Transcribe precisely, and only, the lines beginning at the line containing "list Artikelen 4.2" and ending at the final line of the material below.

- - - -

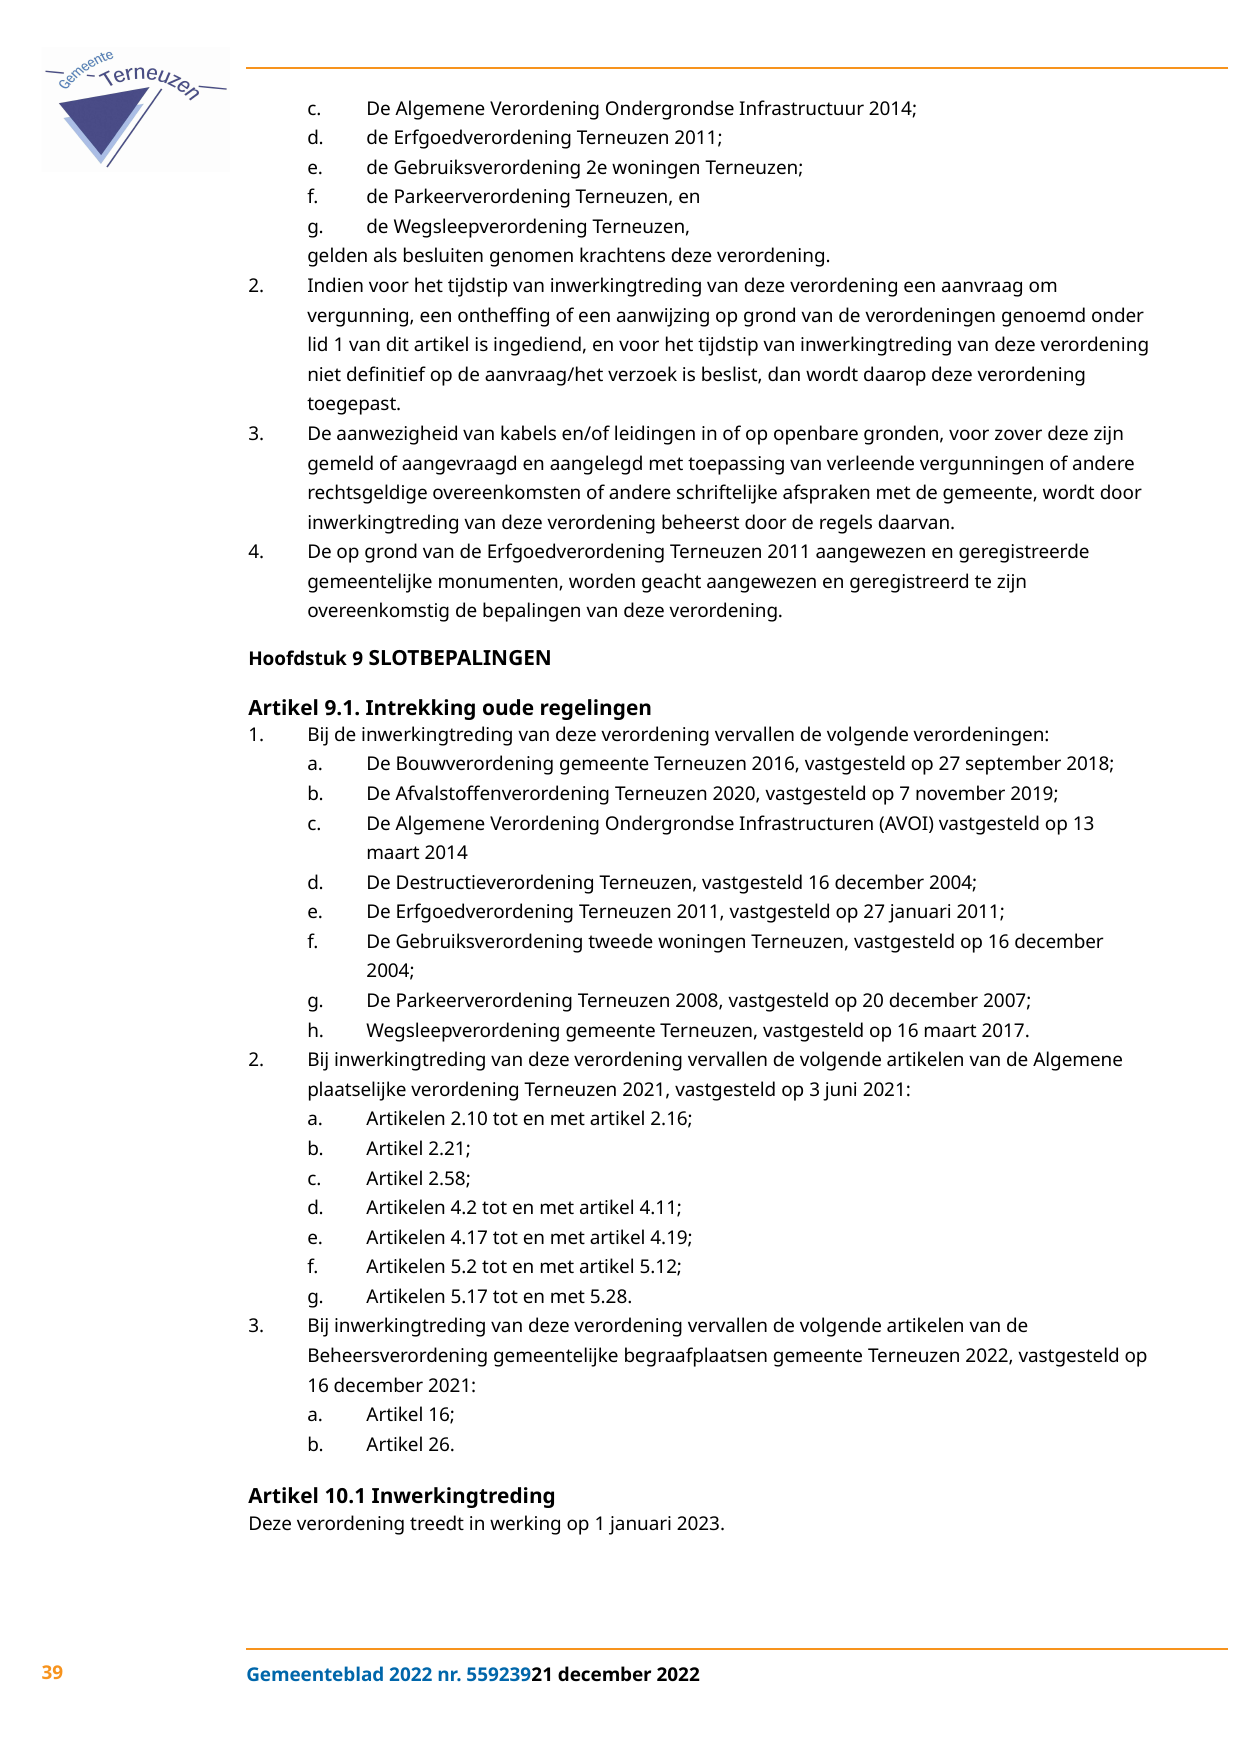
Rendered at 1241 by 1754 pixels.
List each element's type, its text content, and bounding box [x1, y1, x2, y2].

list De Parkeerverordening Terneuzen 2008, vastgesteld op 20 december 2007; [307, 987, 1152, 1013]
list Artikelen 2.10 tot en met artikel 2.16; [307, 1106, 1152, 1131]
list Artikelen 5.17 tot en met 5.28. [307, 1283, 1152, 1309]
list de Parkeerverordening Terneuzen, en [307, 183, 1152, 209]
list De aanwezigheid van kabels en/of leidingen in of op openbare gronden, voor zover deze zijn gemeld of aangevraagd en aangelegd met toepassing van verleende vergunningen of andere rechtsgeldige overeenkomsten of andere schriftelijke afspraken met de gemeente, wordt door inwerkingtreding van deze verordening beheerst door de regels daarvan. [248, 420, 1152, 535]
list Artikelen 5.2 tot en met artikel 5.12; [307, 1253, 1152, 1279]
picture [41, 47, 231, 172]
list De Gebruiksverordening tweede woningen Terneuzen, vastgesteld op 16 december 2004; [307, 928, 1152, 983]
list de Wegsleepverordening Terneuzen, [307, 213, 1152, 239]
list Artikel 16; [307, 1401, 1152, 1427]
list De Algemene Verordening Ondergrondse Infrastructuren (AVOI) vastgesteld op 13 maart 2014 [307, 810, 1152, 865]
list de Erfgoedverordening Terneuzen 2011; [307, 124, 1152, 150]
list Artikel 26. [307, 1431, 1152, 1457]
list Wegsleepverordening gemeente Terneuzen, vastgesteld op 16 maart 2017. [307, 1017, 1152, 1043]
list Artikelen 4.17 tot en met artikel 4.19; [307, 1224, 1152, 1250]
text Artikel 10.1 Inwerkingtreding [248, 1481, 1152, 1510]
text Hoofdstuk 9 SLOTBEPALINGEN [248, 643, 1152, 672]
list De Destructieverordening Terneuzen, vastgesteld 16 december 2004; [307, 869, 1152, 895]
list Bij inwerkingtreding van deze verordening vervallen de volgende artikelen van de Algemene plaatselijke verordening Terneuzen 2021, vastgesteld op 3 juni 2021: [248, 1046, 1152, 1102]
text Artikel 9.1. Intrekking oude regelingen [248, 693, 1152, 721]
list De Bouwverordening gemeente Terneuzen 2016, vastgesteld op 27 september 2018; [307, 751, 1152, 776]
list De Algemene Verordening Ondergrondse Infrastructuur 2014; [307, 95, 1152, 121]
list de Gebruiksverordening 2e woningen Terneuzen; [307, 154, 1152, 180]
list Indien voor het tijdstip van inwerkingtreding van deze verordening een aanvraag om vergunning, een ontheffing of een aanwijzing op grond van de verordeningen genoemd onder lid 1 van dit artikel is ingediend, en voor het tijdstip van inwerkingtreding van deze verordening niet definitief op de aanvraag/het verzoek is beslist, dan wordt daarop deze verordening toegepast. [248, 272, 1152, 416]
list Bij inwerkingtreding van deze verordening vervallen de volgende artikelen van de Beheersverordening gemeentelijke begraafplaatsen gemeente Terneuzen 2022, vastgesteld op 16 december 2021: [248, 1313, 1152, 1398]
list Artikel 2.21; [307, 1135, 1152, 1161]
text Deze verordening treedt in werking op 1 januari 2023. [248, 1510, 1152, 1536]
list Artikelen 4.2 tot en met artikel 4.11; [307, 1194, 1152, 1220]
list gelden als besluiten genomen krachtens deze verordening. [248, 243, 1152, 268]
list De op grond van de Erfgoedverordening Terneuzen 2011 aangewezen en geregistreerde gemeentelijke monumenten, worden geacht aangewezen en geregistreerd te zijn overeenkomstig de bepalingen van deze verordening. [248, 538, 1152, 623]
list De Erfgoedverordening Terneuzen 2011, vastgesteld op 27 januari 2011; [307, 898, 1152, 924]
list Bij de inwerkingtreding van deze verordening vervallen de volgende verordeningen: [248, 721, 1152, 747]
list De Afvalstoffenverordening Terneuzen 2020, vastgesteld op 7 november 2019; [307, 780, 1152, 806]
list Artikel 2.58; [307, 1165, 1152, 1191]

- - - -

- [ANSWER SECTION]
list Artikelen 4.2 tot en met artikel 4.11; [307, 1194, 1152, 1220]
list gelden als besluiten genomen krachtens deze verordening. [248, 243, 1152, 268]
list De op grond van de Erfgoedverordening Terneuzen 2011 aangewezen en geregistreerde gemeentelijke monumenten, worden geacht aangewezen en geregistreerd te zijn overeenkomstig de bepalingen van deze verordening. [248, 538, 1152, 623]
list De Erfgoedverordening Terneuzen 2011, vastgesteld op 27 januari 2011; [307, 898, 1152, 924]
list Bij de inwerkingtreding van deze verordening vervallen de volgende verordeningen: [248, 721, 1152, 747]
list De Afvalstoffenverordening Terneuzen 2020, vastgesteld op 7 november 2019; [307, 780, 1152, 806]
list Artikel 2.58; [307, 1165, 1152, 1191]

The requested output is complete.